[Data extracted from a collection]
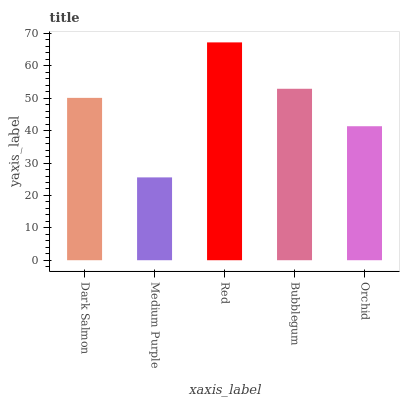Is Medium Purple the minimum?
Answer yes or no. Yes. Is Red the maximum?
Answer yes or no. Yes. Is Red the minimum?
Answer yes or no. No. Is Medium Purple the maximum?
Answer yes or no. No. Is Red greater than Medium Purple?
Answer yes or no. Yes. Is Medium Purple less than Red?
Answer yes or no. Yes. Is Medium Purple greater than Red?
Answer yes or no. No. Is Red less than Medium Purple?
Answer yes or no. No. Is Dark Salmon the high median?
Answer yes or no. Yes. Is Dark Salmon the low median?
Answer yes or no. Yes. Is Medium Purple the high median?
Answer yes or no. No. Is Medium Purple the low median?
Answer yes or no. No.

▶ _Try it_
From the records, copy every line that has the string "median" in it.

▶ _Task solution_
Answer yes or no. No. Is Dark Salmon the high median?
Answer yes or no. Yes. Is Dark Salmon the low median?
Answer yes or no. Yes. Is Medium Purple the high median?
Answer yes or no. No. Is Medium Purple the low median?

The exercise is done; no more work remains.